For the entries below, state how many lines contain the string "size". Add nothing else.
┌──
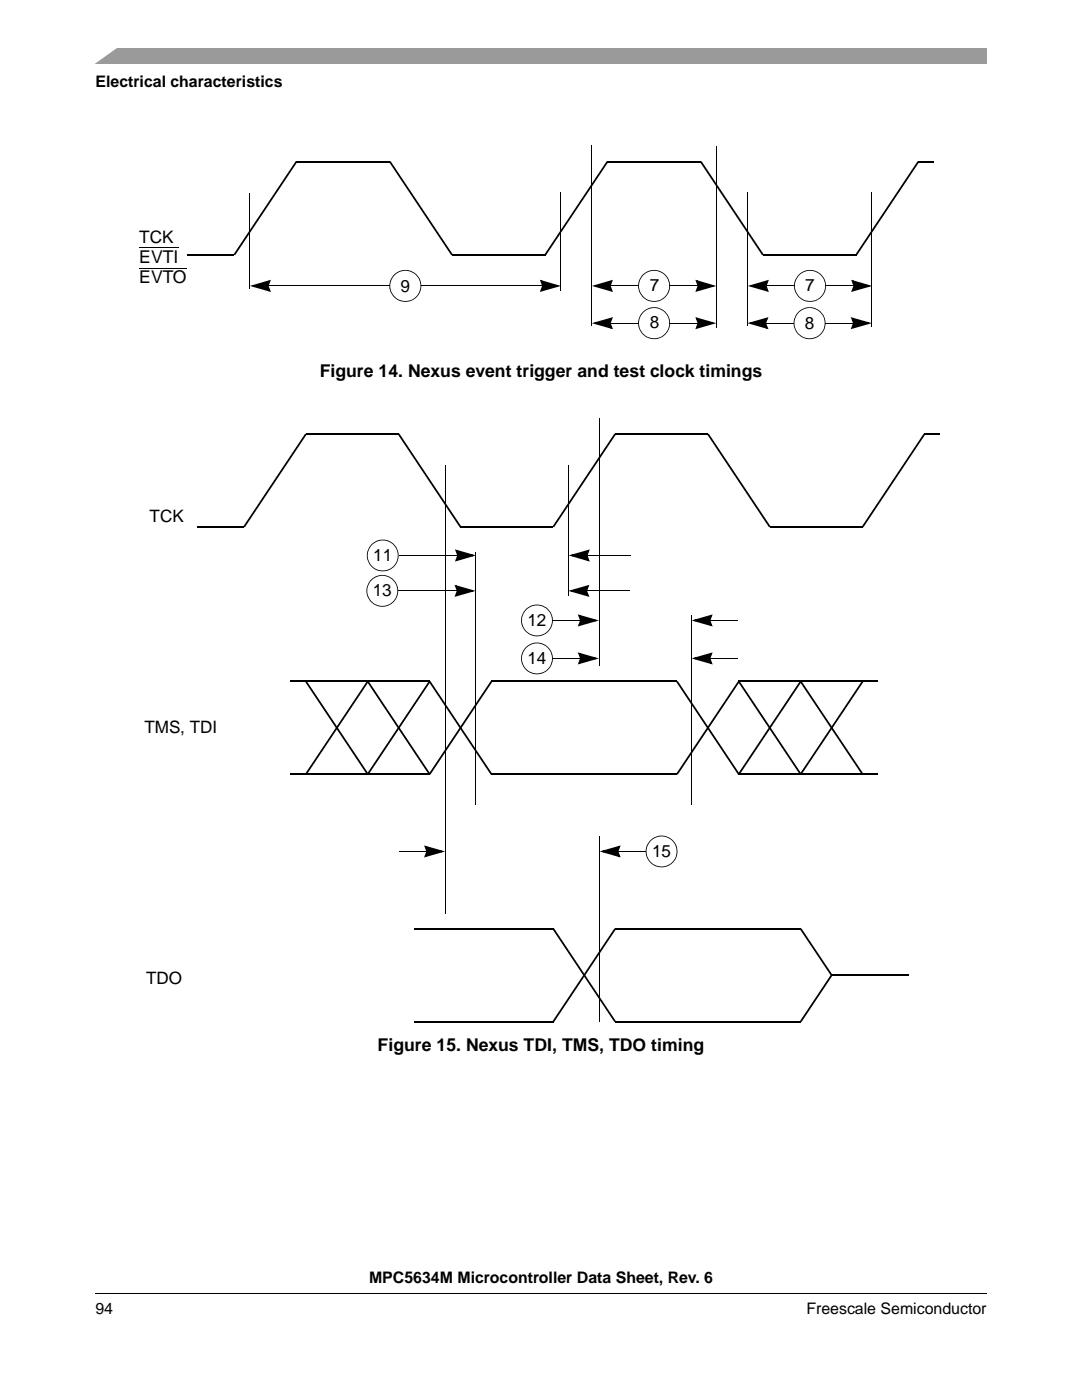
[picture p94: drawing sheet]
<svg xmlns="http://www.w3.org/2000/svg" width="216mm" height="279mm" viewBox="0 0 216 279" stroke-linecap="round" stroke-linejoin="round" font-family="sans-serif">
<defs><g id="words">
<g font-size="3.5">
<text x="27.8" y="52.5">EVTI</text>
<text x="27.8" y="56.5">EVTO</text>
<text x="63.8" y="75.3">Figure 14. Nexus event trigger and test clock timings</text>
<text x="75.4" y="209.8">Figure 15. Nexus TDI, TMS, TDO timing</text>
</g>
<g font-size="3.4">
<text x="27.8" y="48.5">TCK</text>
<text x="79.9" y="58.3">9</text>
<text x="129.7" y="58.1">7</text>
<text x="160.7" y="58.2">7</text>
<text x="129.7" y="65.5">8</text>
<text x="160.6" y="65.6">8</text>
<text x="29.8" y="104.1">TCK</text>
<text x="74.5" y="111.9">11</text>
<text x="74.4" y="118.9">13</text>
<text x="105.2" y="124.9">12</text>
<text x="105.2" y="132.5">14</text>
<text x="28.8" y="146.3">TMS, TDI</text>
<text x="130.1" y="171">15</text>
<text x="29.1" y="196.3">TDO</text>
</g>
<g font-size="3.2">
<text x="19.1" y="17.4">Electrical characteristics</text>
<text x="73.6" y="256.1">MPC5634M Microcontroller Data Sheet, Rev. 6</text>
<text x="19" y="262.3">94</text>
<text x="160.9" y="262.3">Freescale Semiconductor</text>
</g>
</g></defs>
<path d="M19 258.1v.1z" fill="#000"/>
<path d="M19 258.1h177.8" fill="none" stroke="#000" stroke-width=".2"/>
<path d="M19 9.5h177.8v3.2h-177.8z" fill="#9a9a9a"/>
<path d="M17.1 9.2h6.8l-5.3 3.8h-1.5z" fill="#fff"/>
<g fill="none" stroke="#000" stroke-width=".36">
<path d="M59.2 32.2h18.6M121.2 32.2h18.6M183.3 32.2h3.1M37.4 50.9h9.4M90.2 50.9h18.6M152.2 50.9h18.7M61 86.6h18.5M122.7 86.6h18.6M184.5 86.6h3.1M39.4 105.1h9.3M91.9 105.1h18.5M153.6 105.1h18.5"/>
<path d="M58 136h27.7M98.1 136h37M147.4 136h27.8M58 154.5h27.7M98.1 154.5h37M147.4 154.5h27.8M82.6 185.4h27.8M122.7 185.4h37.1M165.9 194.6h15.5M82.6 203.9h27.8M122.7 203.9h37.1"/>
</g>
<g fill="#000">
<path d="M59 32.2l.3 .1-12.4 18.6-.3-.1zM77.6 32.3l.3-.1 12.4 18.6-.3 .1zM139.7 32.3l.3-.1 12.4 18.6-.3 .1zM53.4 57h.5v.2h-.5zM49.9 57.1l4.2-1.3-.3 .5-3.3 .9-.1-.3 3.4 .9-.1 .4-.5-1.1 .4-.1 .5 1.3zM53.6 56l.3 .2-.3 .9h-.4zM78.8 54.6h.1a2.96 2.96 0 0 1 2-.7v.1l-1.2 .3-1.2 .8-.4 .8-.2 .8 .1 1.3 .5 1 1.2 .9 1.2 .2 .9-.1 .5-.3 .1 .2a3.3 3.3 0 0 1-3.6-.4 3.2 3.2 0 0 1 0-4.9zM80.9 53.9a3.2 3.2 0 0 1 3.1 2.4 3.2 3.2 0 0 1-1.6 3.6l-.1-.2 .7-.5 .7-1 .2-.8-.1-.9-.4-1.1-.6-.7-.7-.4-1.2-.3zM108.2 57l.3 .1-.3 1-.4-.2zM107.8 57h.6v.2h-.6zM107.7 55.8l4.2 1.3-4.2 1.2 .3-.5 3.2-.9 .1 .3-3.3-.9 .1-.4 .4 1.1-.3 .1zM121.1 32.2l.3 .1-12.5 18.6-.3-.1z"/>
<path d="M121.7 57h.5v.2h-.5zM118.1 57.1l4.2-1.3-.3 .5-3.2 .9-.1-.3 3.3 .9-.1 .4-.4-1.1 .3-.1 .5 1.3zM121.8 56l.4 .2-.4 .9h-.3zM128.5 54.6a2.96 2.96 0 0 1 2-.7v.1l-1.2 .3-1.1 .8-.5 .8-.2 .8 .1 1.3 .6 1 1.1 .9 1.2 .2 .9-.1 .6-.3v.2a3.3 3.3 0 0 1-3.5-.4 3.2 3.2 0 0 1 0-4.9zM130.5 53.9a3.2 3.2 0 0 1 3.1 2.4 3.2 3.2 0 0 1-1.6 3.6v-.2l.7-.5 .6-1 .2-.8v-.9l-.5-1.1-.6-.7-.7-.4-1.2-.3zM138.9 57h.5v.2h-.5zM139.2 57l.4 .1-.4 1-.3-.2zM138.7 55.8l4.2 1.3-4.2 1.2 .3-.5 3.2-.9 .1 .3-3.3-.9 .1-.4 .5 1.1-.4 .1zM152.8 57h.5v.2h-.5zM149.2 57.1l4.2-1.3-.2 .5-3.3 .9-.1-.3 3.4 .9-.1 .4-.5-1.1 .4-.1 .4 1.3zM153 56l.3 .2-.3 .9h-.4zM159.4 54.8l.2-.2a2.96 2.96 0 0 1 2-.7v.1l-1.2 .3-1.1 .8-.6 1.4v1.2l.6 1.3 1.2 .9 1.1 .2 .9-.1 .6-.3 .1 .2a3.2 3.2 0 0 1-4-.8 3.1 3.1 0 0 1-.5-3.3z"/>
<path d="M161.6 53.9a3.2 3.2 0 0 1 3.1 2.4 3.2 3.2 0 0 1-1.5 3.6l-.1-.2 .7-.5 .6-1 .2-.8v-.9l-.5-1.1-.5-.7-.8-.4-1.2-.3zM170 57h.5v.2h-.5zM170.3 57l.4 .1-.4 1-.3-.2zM169.8 55.8l4.3 1.3-4.3 1.2 .3-.5 3.3-.9 .1 .3-3.4-.9 .1-.4 .4 1.1-.3 .1zM183.1 32.2l.3 .1-12.4 18.6-.3-.1zM121.7 64.4h.5v.2h-.5zM118.1 64.5l4.2-1.2-.3 .4-3.2 1-.1-.4 3.3 1-.1 .3-.4-1 .3-.2 .5 1.3zM121.8 63.5l.4 .1-.4 1h-.3zM128.3 62.3l1-.7 1.2-.3v.2l-.9 .1-.8 .4-.6 .6-.5 .7-.2 1.5 .2 .9 .5 .7 .6 .6 1.1 .5h1.2l.9-.3v.1a3.2 3.2 0 0 1-4.7-2.5 3.3 3.3 0 0 1 1-2.5zM130.5 61.3a3.2 3.2 0 0 1 3.1 2.4 3.2 3.2 0 0 1-1.6 3.6v-.1l.7-.6 .7-1.2 .1-.9-.1-.9-.4-.8-.8-.8-1.1-.5h-.6zM138.9 64.4h.5v.2h-.5zM139.2 64.4l.4 .1-.4 1-.3-.1z"/>
<path d="M138.7 63.3l4.2 1.2-4.2 1.2 .3-.4 3.2-1 .1 .4-3.3-1 .1-.3 .5 1-.4 .2zM152.7 64.4h.5v.2h-.5zM149.1 64.5l4.2-1.2-.2 .4-3.3 1-.1-.4 3.4 1-.1 .3-.5-1 .3-.2 .6 1.3zM152.9 63.5l.3 .1-.4 1h-.3zM159.3 62.3l1.3-.9 .9-.1 .1 .2-1 .1-.7 .4-1 1.1-.4 1.4 .1 .6 .4 1.1 .9 .8 .8 .4 .9 .1 1.4-.3 .1 .1a3.2 3.2 0 0 1-3.3-.2 3.2 3.2 0 0 1-1.3-3.6zM161.5 61.3a3.2 3.2 0 0 1 3.2 2.9 3.2 3.2 0 0 1-1.4 2.9l-.2 .2-.1-.1 .9-.8 .5-1 .1-.6-.1-1.2-.4-.8-.8-.8-1-.5h-.7zM169.9 64.4h.5v.2h-.5zM170.2 64.4l.4 .1-.4 1-.3-.1zM169.7 63.3l4.3 1.2-4.2 1.2 .2-.4 3.3-1 .1 .4-3.4-1 .1-.3 .5 1-.4 .2zM60.9 86.5l.3 .2-12.3 18.5-.3-.1zM79.4 86.7l.3-.2 12.3 18.6-.3 .1zM141.1 86.7l.3-.2 12.4 18.6-.3 .1z"/>
<path d="M74.3 115.5a2.96 2.96 0 0 1 2-.8v.2l-1.2 .2-1.1 .9-.7 1.3v1.2l.7 1.3 .8 .8 1.5 .3 1.4-.3 .1 .1a3.2 3.2 0 0 1-4-.8 3.2 3.2 0 0 1 0-4zM74.1 108.6l1-.7 1.3-.2v.2l-1.4 .3-1.1 1-.5 1.1v1.2l.5 1 1.1 1 1.4 .4 1.4-.4 .1 .2-.6 .2a3.2 3.2 0 0 1-4.1-3l.1-1zM76.4 107.7a3.2 3.2 0 0 1 3 2.4 3.2 3.2 0 0 1-1.5 3.6l-.1-.2 .9-.7 .5-1 .2-1-.2-.8-.3-.8-.6-.7-1-.5-.9-.1zM90.8 117.8h.5v.2h-.5zM91.2 117.9h.3l-.3 1-.4-.1zM91.2 110.8h.4l-.4 1.1-.3-.2zM90.9 110.8h.5v.1h-.5zM90.7 116.7l4.2 1.2-4.2 1.2 .3-.4 3.2-.9 .1 .3-3.3-.9 .1-.4 .4 1.1-.3 .1zM90.8 109.6l4.2 1.2-4.2 1.3 .2-.5 3.3-.9 .1 .3-3.4-.9 .1-.4 .5 1.1-.4 .1zM122.6 86.5l.3 .2-12.3 18.5-.3-.1zM117 117.8h.5v.2h-.5zM117.1 110.8h.5v.1h-.5z"/>
<path d="M113.4 117.9l4.2-1.2-.3 .5-3.2 .9-.1-.3 3.3 .9-.1 .3-.4-1 .3-.1 .5 1.2zM113.5 110.8l4.2-1.2-.3 .5-3.2 .9-.1-.3 3.3 .9-.1 .4-.4-1.1 .3-.1 .5 1.3zM117.1 116.9l.4 .2-.4 .9h-.3zM117.2 109.9l.4 .1-.4 .9h-.3zM184.3 86.5l.3 .2-12.3 18.5-.3-.1zM60.9 136.1l.3-.2 12.3 18.5-.3 .2zM73.2 136.1l.3-.2 12.4 18.5-.3 .2zM76.3 114.7a3.3 3.3 0 0 1 2.6 1.4 3.2 3.2 0 0 1-1.1 4.6l-.1-.1 .7-.6 .7-.9 .2-1.2-.1-.9-.4-.8-.6-.6-.7-.5-1.2-.2zM85.6 136.1l.3-.2 12.3 18.5-.3 .2zM105.1 121.4a3.1 3.1 0 0 1 2-.8l.1 .2-1.2 .3-.8 .4-.6 .7-.4 1v1.2l.6 1.4 1.2 .8 1.1 .2 1.5-.3v.1a3.2 3.2 0 0 1-4.1-1 3.2 3.2 0 0 1 .6-4.2zM104.9 129.2l1-.7 1.2-.3 .1 .2-.9 .1-.8 .4-1 1.1-.4 1.4 .1 .6 .4 1.1 .9 .8 1.1 .4h1.2l.8-.3v.2a3.2 3.2 0 0 1-4-.9 3.2 3.2 0 0 1 .3-4.1zM107.1 120.7h.1a3.2 3.2 0 0 1 2.6 1.3 3.2 3.2 0 0 1-1.2 4.6v-.1l.7-.6 .6-.9 .3-1.2-.2-.9-.4-.8-.5-.6-.8-.4-1.2-.3z"/>
<path d="M107.1 128.2a3.2 3.2 0 0 1 3.1 2.4 3.2 3.2 0 0 1-1.6 3.6v-.2l.7-.5 .6-.9 .2-.9v-.9l-.5-1.1-.5-.6-.8-.4-1.2-.3zM115.4 123.7h.5v.2h-.5zM115.8 123.8h.3l-.3 1-.4-.1zM115.4 131.3h.5v.2h-.5zM115.8 131.3l.3 .1-.3 1-.4-.1zM115.3 122.6l4.2 1.2-4.2 1.2 .2-.4 3.3-.9 .1 .3-3.4-.9 .2-.4 .4 1.1-.3 .1zM115.3 130.2l4.2 1.2-4.2 1.2 .2-.4 3.3-1 .1 .4-3.4-1 .2-.3 .4 1-.3 .2zM134.9 136.1l.3-.2 12.4 18.5-.3 .2zM141.6 123.7h.5v.2h-.5zM141.6 131.3h.5v.2h-.5zM138 123.8l4.2-1.2-.3 .5-3.2 .9-.1-.3 3.3 .9-.1 .3-.4-1 .3-.1 .5 1.2zM138 131.4l4.2-1.2-.3 .4-3.2 1-.1-.4 3.3 1-.1 .3-.4-1 .3-.2 .5 1.3z"/>
<path d="M141.7 122.8l.4 .2-.4 .9h-.3zM141.7 130.4l.4 .1-.4 1h-.3zM147.3 136.1l.3-.2 12.3 18.5-.3 .2zM159.6 136.1l.3-.2 12.4 18.5-.3 .2zM73.2 135.9l.3 .2-12.3 18.5-.3-.2zM85.6 135.9l.3 .2-12.4 18.5-.3-.2zM97.9 135.9l.3 .2-12.3 18.5-.3-.2zM147.3 135.9l.3 .2-12.4 18.5-.3-.2zM159.6 135.9l.3 .2-12.3 18.5-.3-.2zM172 135.9l.3 .2-12.4 18.5-.3-.2zM84.7 169.8h.6v.2h-.6zM85.1 169.9h.3l-.3 1-.3-.1z"/>
<path d="M84.6 168.7l4.2 1.2-4.2 1.2 .3-.4 3.2-.9 .1 .3-3.3-.9 .1-.4 .4 1.1-.3 .1zM123.2 169.8h.5v.2h-.5zM119.7 169.9l4.1-1.2-.2 .5-3.2 .9-.2-.3 3.4 .9-.1 .3-.5-1 .4-.1 .4 1.2zM123.4 168.9l.3 .2-.3 .9h-.4zM129.8 167.7l1.3-.8 .9-.1v.1l-.9 .2-.8 .3-.6 .6-.5 .8-.2 1.4 .2 .9 .5 .8 .6 .5 1.1 .5h1.2l.8-.3 .1 .1a3.2 3.2 0 0 1-4.7-2.4l.2-1.3zM132 166.8a3.2 3.2 0 0 1 3.1 2.2 3.2 3.2 0 0 1-1.3 3.6l-.3 .1-.1-.1 .9-.7 .6-1.1 .1-1.2-.1-.6-.6-1-.6-.6-1.1-.4-.6-.1zM110.3 185.5l.3-.2 12.3 18.5-.3 .2zM159.6 185.5l.3-.2 6.2 9.2-.3 .2zM122.6 185.3l.3 .2-12.3 18.5-.3-.2zM165.8 194.5l.3 .2-6.2 9.3-.3-.2z"/>
</g>
<g fill="none" stroke="#000" stroke-width=".2">
<path d="M49.9 38.4v19.2M111.9 38.4v19.7M118.1 29.1v36M142.9 29.1v36.2M149.1 38.4v26.7M173.9 38.4v26.9M27.8 49.4h7.8M27.8 53.5h9.5M53.9 57.1h23.9M84 57.1h23.8M122.2 57.1h5.2M133.6 57.1h5.3"/>
<path d="M153.3 57.1h5.2M164.7 57.1h5.3M122.2 64.5h5.2M133.6 64.5h5.3M153.2 64.5h5.2M164.6 64.5h5.3M88.8 92.8v89.5M113.5 92.8v26.1M119.7 83.5v49.4M79.5 117.9h11.3M79.5 110.8h11.4M95 110.2v50.5"/>
<path d="M117.5 117.9h8.3M117.6 110.8h8.2M110.2 123.8h5.2M110.2 131.4h5.2M138 122.8v37.9M142.1 123.8h5.2M142.1 131.4h5.2M79.5 169.9h5.2M119.7 166.8v37.1M123.7 169.9h5.2"/>
</g>
<g fill="#000">
<path d="M50.5 57.1l3.3-1-.4 1 .4 .9zM108 56.1l3.3 1-3.3 .9 .4-.9zM118.7 57.1l3.3-1-.3 1 .3 .9zM139 56.1l3.3 1-3.3 .9 .4-.9zM149.9 57.1l3.2-1-.3 1 .3 .9zM170.1 56.1l3.3 1-3.3 .9 .4-.9zM118.7 64.5l3.3-.9-.3 .9 .3 .9zM139 63.6l3.3 .9-3.3 .9 .4-.9zM149.8 64.5l3.2-.9-.3 .9 .3 .9zM170.1 63.6l3.2 .9-3.2 .9 .3-.9zM91 117l3.3 .9-3.3 1 .3-1zM91.1 109.9l3.2 .9-3.2 1 .3-1z"/>
<path d="M114 117.9l3.3-.9-.3 .9 .3 1zM114.1 110.8l3.3-.9-.3 .9 .3 1zM115.6 122.9l3.3 .9-3.3 1 .3-1zM115.6 130.5l3.3 .9-3.3 .9 .3-.9zM138.6 123.8l3.3-.9-.3 .9 .3 1zM138.6 131.4l3.3-.9-.3 .9 .3 .9zM84.9 169l3.3 .9-3.3 1 .4-1zM120.3 169.9l3.2-.9-.3 .9 .3 1z"/>
</g>
<use href="#words"/>
</svg>
└──
Written response
3